Possono la professionalità, la competenza e l’esperienza essere misurati esclusivamente attraverso classificazioni e rigidi requisiti formali? Il Ministero dell’Economia e delle Finanze ha recentemente emanato, attraverso un decreto, il nuovo regolamento sui requisiti professionali dei vertici degli istituti di credito imponendo un maggior rigore nei profili professionali per la gestione delle banche. Le spinte in tal senso sono state diverse e reiterate nel tempo.
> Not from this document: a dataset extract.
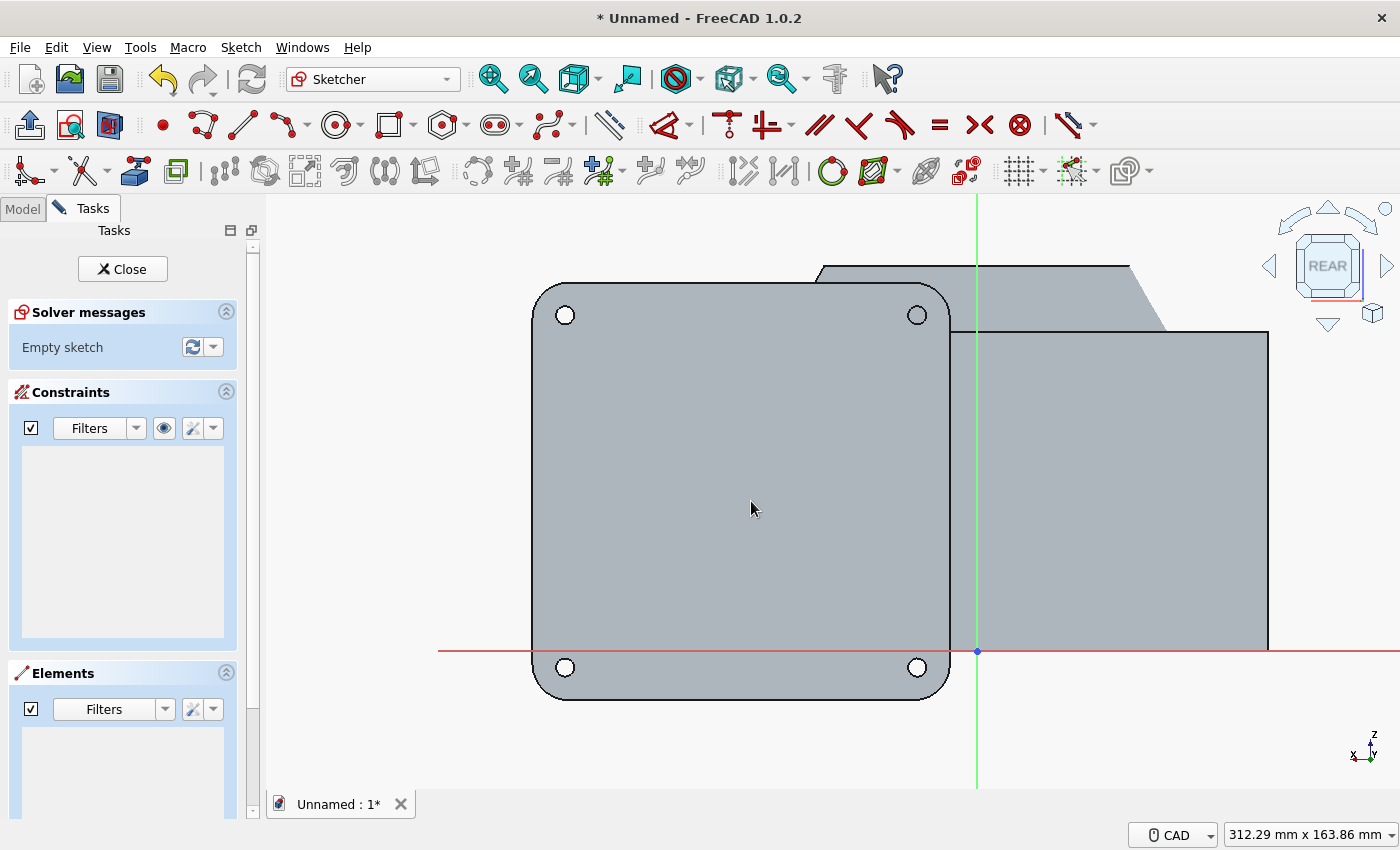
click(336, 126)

Di certo alcuni episodi di malagestione che in passato hanno coinvolto istituti di credito si sono aggiunti al succedersi di crisi economiche che hanno coinvolto anche il sistema bancario.
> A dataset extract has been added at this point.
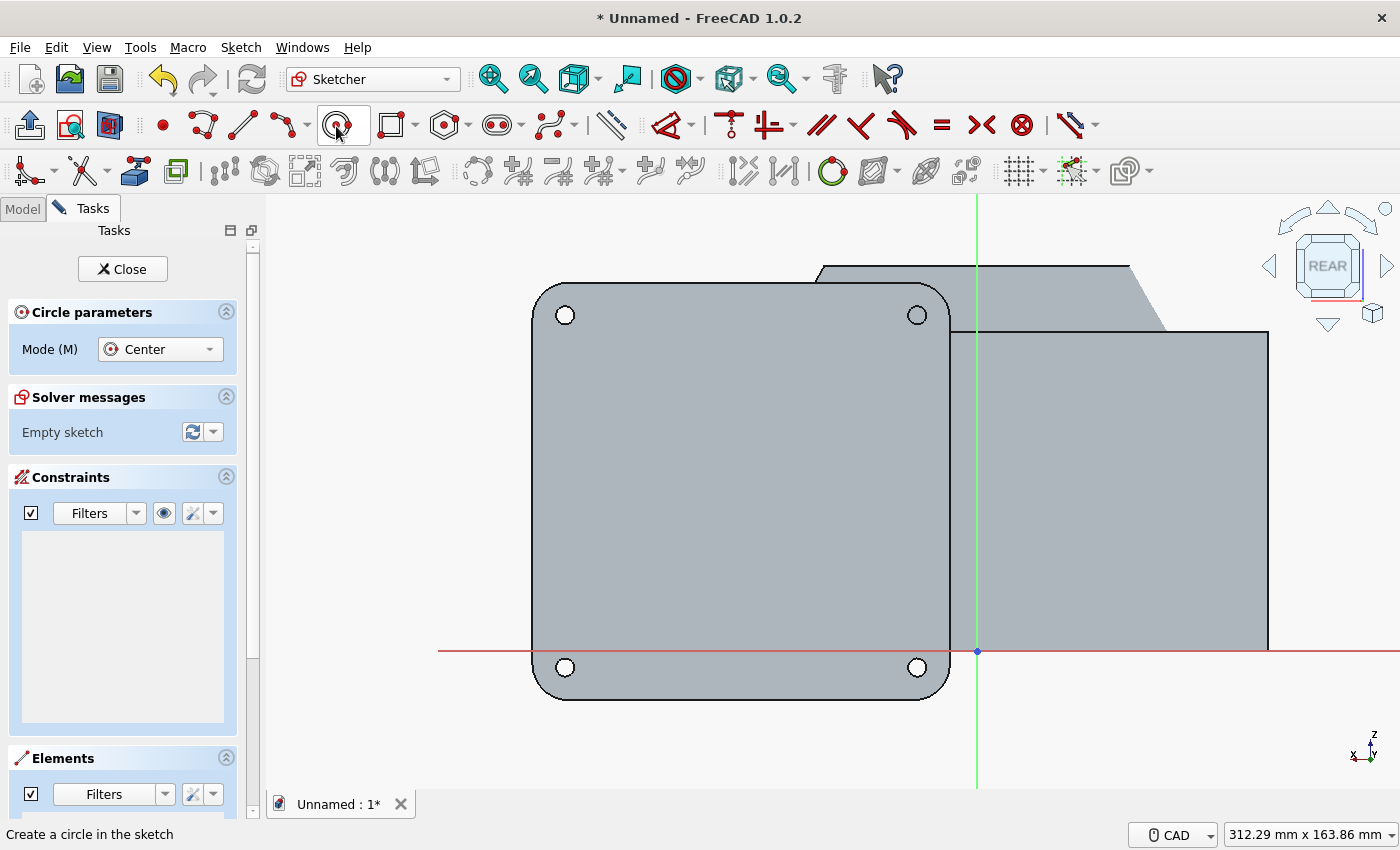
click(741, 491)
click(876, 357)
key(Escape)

Senza contare il peso, sempre maggiore e politicamente più rilevante, che hanno assunto negli ultimi vent’anni i grandi colossi bancari i quali, accrescendo a dismisura la propria dimensione e complessità, si sono resi via via più vulnerabili diventando potenzialmente pericolosi per l’intero sistema bancario ed economico, tanto da essere catalogati come “too big to fail”. Dunque, malagestione, crisi economiche e accresciute dimensioni e complessità degli istituti bancari hanno indotto Bce e Banca d’Italia a intervenire ripetutamente con diverse sollecitazioni fino a convincere il Governo italiano a introdurre prescrizioni assai selettive che richiedono agli esponenti bancari un bagaglio di conoscenze estremamente specialistiche con lo scopo – sacrosanto – di favorire un oculato, qualificato ed esperto governo delle aziende di credito in modo da porle così, per quanto possibile, al riparo da errori e malagestione. Una necessità indubbiamente comprensibile e condivisibile senza però illudersi perché se la competenza e l’esperienza possono prevenire una malagestione dovuta a colpa, nulla possono quando questa è frutto di dolo.
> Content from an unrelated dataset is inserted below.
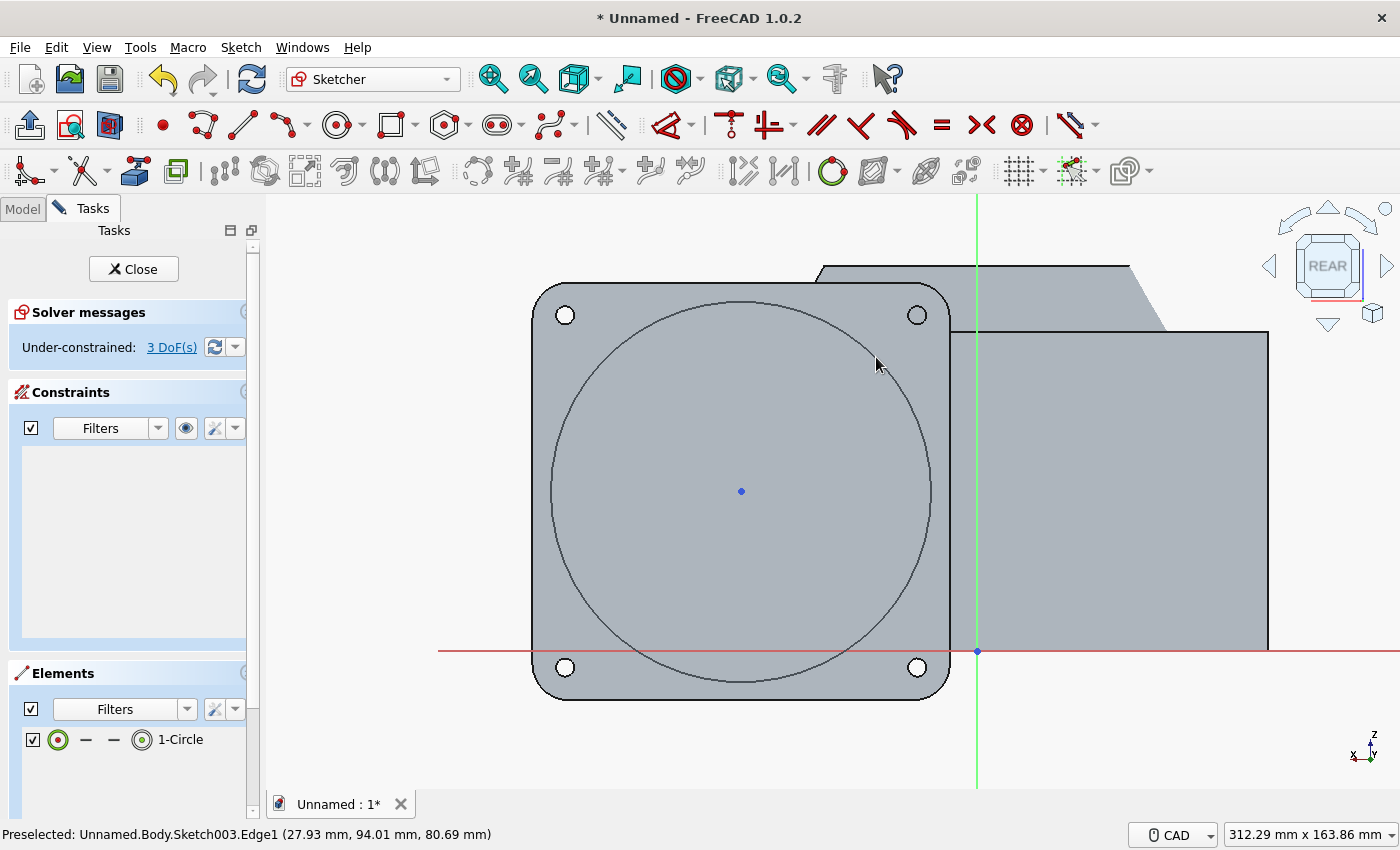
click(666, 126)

Il vero problema nasce, però, nel momento in cui i nuovi requisiti prendono in considerazione soltanto aspetti di carattere formalistico e quando, nel definirli, non si tiene conto della natura del sistema bancario italiano (come del resto di quello europeo e occidentale). Un sistema che non è affatto omogeneo e che, dunque, oltre a grandi gruppi bancari è formato da banche medie, piccole e piccolissime che possono essere s.p.a., popolari e del territorio o di credito cooperativo e che rappresentano una quota importante di mercato. Il problema non è certo nuovo: imprese tra loro diverse per forma giuridica, modello di business e qualità delle relazioni con la clientela e con la rispettiva base sociale, regolamentate allo stesso modo. Un conto è amministrare una multinazionale del credito con sedi e filiali in ogni angolo del pianeta e che oltre a gestire il risparmio svolge imponenti attività finanziarie altro è amministrare una piccola banca del territorio che fa del legame con una determinata comunità e con l’imprenditoria di quel territorio la propria caratteristica principale. Sicuramente per entrambe queste realtà sono richieste competenze, professionalità ed esperienza ma di natura diversa e misurabili con parametri disomogenei.

Imporre profili dirigenziali necessari per la gestione dei colossi bancari a tutto il sistema creditizio produrrebbe notevoli difficoltà nella formazione dei prossimi consigli di amministrazione. Porterebbe ad escludere, non senza danni operativi e reputazionali per le rispettive banche, molti soggetti quali imprenditori o artigiani che operano nelle rispettive comunità e che, pur avendo una indiscussa professionalità ed esperienza conquistate sul campo e nel tempo grazie al rapporto con l’imprenditoria locale, potrebbero non rientrare negli schemi dalla nuova normativa che, interamente focalizzata sulle competenze bancarie, trascura il principio della necessità di diversificare le competenze stesse degli amministratori ai fini di una composizione quali-quantitativa ottimale.

Ciò soprattutto in banche che, come le popolari, fanno del sostegno all’economia reale e del localismo la propria mission. Ancora una volta proporzionalità e flessibilità, insieme ad una elevata dose di buon senso, dovrebbero ispirare i decisori e spingerli a rivedere questo regolamento. Considerare e valorizzare, per preservarla, la biodiversità bancaria è una necessità non tanto e non solo per la solidità del sistema creditizio ma anche e soprattutto per quella economica.